--- DATA FOR ANALYSIS ---

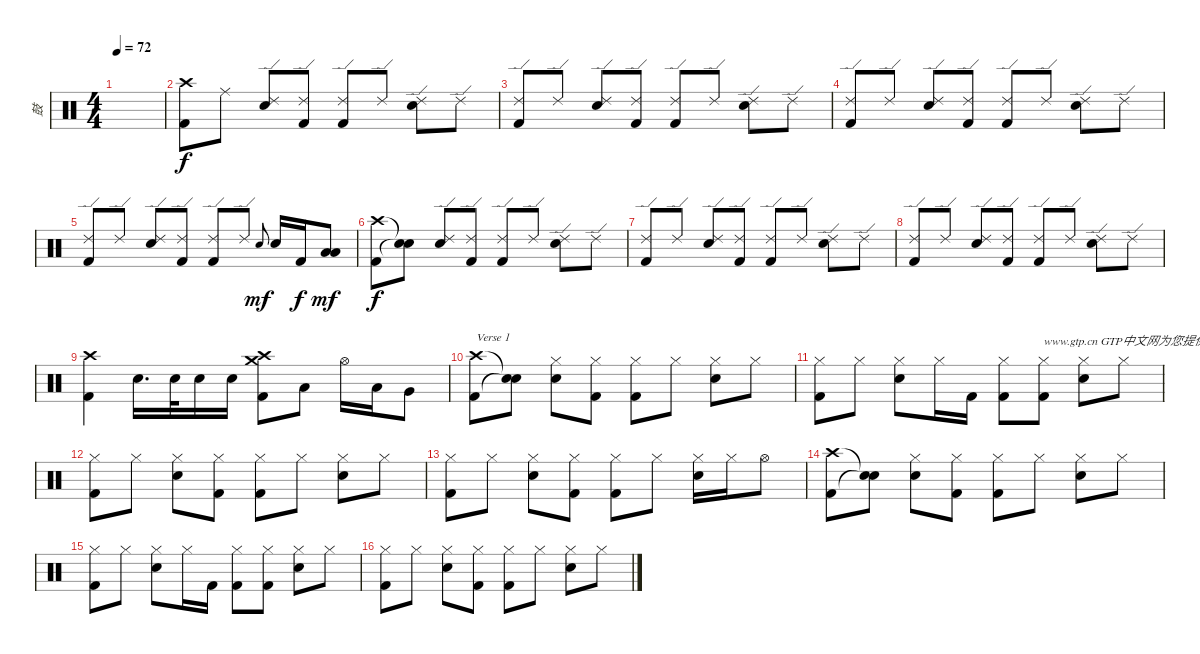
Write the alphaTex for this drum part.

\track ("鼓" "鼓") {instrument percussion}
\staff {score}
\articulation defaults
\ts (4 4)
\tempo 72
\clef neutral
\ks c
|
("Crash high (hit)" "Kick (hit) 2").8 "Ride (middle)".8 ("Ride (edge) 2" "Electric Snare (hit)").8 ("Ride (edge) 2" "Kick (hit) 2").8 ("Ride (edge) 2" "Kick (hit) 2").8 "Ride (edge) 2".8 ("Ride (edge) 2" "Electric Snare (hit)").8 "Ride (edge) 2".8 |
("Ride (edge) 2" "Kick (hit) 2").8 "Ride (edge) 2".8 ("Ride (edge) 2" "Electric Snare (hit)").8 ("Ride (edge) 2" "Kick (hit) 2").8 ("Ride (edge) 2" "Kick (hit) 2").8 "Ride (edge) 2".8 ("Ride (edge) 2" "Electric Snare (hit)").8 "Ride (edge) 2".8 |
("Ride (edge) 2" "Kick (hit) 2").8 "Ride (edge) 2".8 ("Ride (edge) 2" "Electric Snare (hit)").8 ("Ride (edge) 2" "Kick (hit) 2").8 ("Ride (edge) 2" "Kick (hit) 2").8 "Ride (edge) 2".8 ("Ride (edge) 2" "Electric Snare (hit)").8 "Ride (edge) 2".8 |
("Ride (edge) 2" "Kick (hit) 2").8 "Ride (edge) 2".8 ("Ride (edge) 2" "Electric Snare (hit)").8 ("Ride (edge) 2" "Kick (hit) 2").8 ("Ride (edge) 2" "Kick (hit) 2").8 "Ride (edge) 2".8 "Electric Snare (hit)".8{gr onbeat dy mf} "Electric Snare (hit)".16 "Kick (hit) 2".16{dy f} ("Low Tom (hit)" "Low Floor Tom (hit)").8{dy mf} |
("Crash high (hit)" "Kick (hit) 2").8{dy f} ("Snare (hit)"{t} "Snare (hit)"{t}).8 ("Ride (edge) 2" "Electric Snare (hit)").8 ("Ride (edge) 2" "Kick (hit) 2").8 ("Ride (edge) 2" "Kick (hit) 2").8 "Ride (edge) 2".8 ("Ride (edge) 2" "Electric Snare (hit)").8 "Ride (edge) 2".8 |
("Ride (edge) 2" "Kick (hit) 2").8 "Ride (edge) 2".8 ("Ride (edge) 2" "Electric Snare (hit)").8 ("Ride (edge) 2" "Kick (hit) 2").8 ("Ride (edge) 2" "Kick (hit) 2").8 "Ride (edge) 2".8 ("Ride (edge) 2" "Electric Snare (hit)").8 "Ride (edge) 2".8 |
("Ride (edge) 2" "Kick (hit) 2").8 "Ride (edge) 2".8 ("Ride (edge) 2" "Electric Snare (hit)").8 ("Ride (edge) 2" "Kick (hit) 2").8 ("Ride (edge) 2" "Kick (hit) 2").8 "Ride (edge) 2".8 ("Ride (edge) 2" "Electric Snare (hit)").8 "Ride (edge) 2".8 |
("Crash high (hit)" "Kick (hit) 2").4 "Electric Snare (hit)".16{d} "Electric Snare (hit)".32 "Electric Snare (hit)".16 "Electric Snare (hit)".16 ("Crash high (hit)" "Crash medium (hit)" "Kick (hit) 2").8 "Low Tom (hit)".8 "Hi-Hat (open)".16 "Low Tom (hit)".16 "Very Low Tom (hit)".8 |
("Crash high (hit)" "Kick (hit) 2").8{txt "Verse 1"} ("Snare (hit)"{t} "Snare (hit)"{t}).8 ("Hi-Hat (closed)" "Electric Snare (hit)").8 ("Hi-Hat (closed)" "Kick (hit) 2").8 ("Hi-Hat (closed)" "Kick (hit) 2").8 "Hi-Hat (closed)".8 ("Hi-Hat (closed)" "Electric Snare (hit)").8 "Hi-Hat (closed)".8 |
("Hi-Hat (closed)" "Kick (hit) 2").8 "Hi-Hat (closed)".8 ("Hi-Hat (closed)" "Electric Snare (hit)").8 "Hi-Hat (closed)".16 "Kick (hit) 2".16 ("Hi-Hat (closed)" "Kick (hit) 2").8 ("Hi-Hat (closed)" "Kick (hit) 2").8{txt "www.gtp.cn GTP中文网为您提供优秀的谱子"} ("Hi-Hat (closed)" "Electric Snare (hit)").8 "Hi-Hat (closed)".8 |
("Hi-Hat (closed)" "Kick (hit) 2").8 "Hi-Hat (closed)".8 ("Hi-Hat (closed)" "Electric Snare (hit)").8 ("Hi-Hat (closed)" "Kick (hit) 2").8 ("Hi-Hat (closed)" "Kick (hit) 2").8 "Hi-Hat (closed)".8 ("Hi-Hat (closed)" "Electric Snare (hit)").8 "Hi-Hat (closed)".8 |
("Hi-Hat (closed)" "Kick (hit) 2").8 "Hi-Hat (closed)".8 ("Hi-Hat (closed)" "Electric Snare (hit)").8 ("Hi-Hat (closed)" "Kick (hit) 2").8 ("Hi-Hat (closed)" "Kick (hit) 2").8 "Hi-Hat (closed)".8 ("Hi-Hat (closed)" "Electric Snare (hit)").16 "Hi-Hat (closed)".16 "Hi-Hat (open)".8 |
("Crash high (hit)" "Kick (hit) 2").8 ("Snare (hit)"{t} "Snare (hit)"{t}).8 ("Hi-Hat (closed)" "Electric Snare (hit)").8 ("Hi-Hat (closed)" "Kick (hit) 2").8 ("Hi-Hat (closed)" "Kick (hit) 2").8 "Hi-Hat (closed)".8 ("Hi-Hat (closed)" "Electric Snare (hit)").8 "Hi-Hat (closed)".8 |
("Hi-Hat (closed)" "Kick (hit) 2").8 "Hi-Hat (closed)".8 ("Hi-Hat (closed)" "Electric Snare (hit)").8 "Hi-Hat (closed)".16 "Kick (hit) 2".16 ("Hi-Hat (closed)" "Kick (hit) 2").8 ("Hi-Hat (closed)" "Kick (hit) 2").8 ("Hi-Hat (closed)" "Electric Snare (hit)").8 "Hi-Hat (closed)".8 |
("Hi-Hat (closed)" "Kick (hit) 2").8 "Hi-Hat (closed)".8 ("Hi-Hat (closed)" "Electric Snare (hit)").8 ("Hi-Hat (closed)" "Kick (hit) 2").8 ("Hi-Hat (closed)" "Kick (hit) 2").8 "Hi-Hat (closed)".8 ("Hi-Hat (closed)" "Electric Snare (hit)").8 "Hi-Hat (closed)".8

---

- _ABOUT THIS EXERCISE_
Please report how many lines of the entries above include "closed". Only the number is wanted.

- _YOUR RESPONSE_
7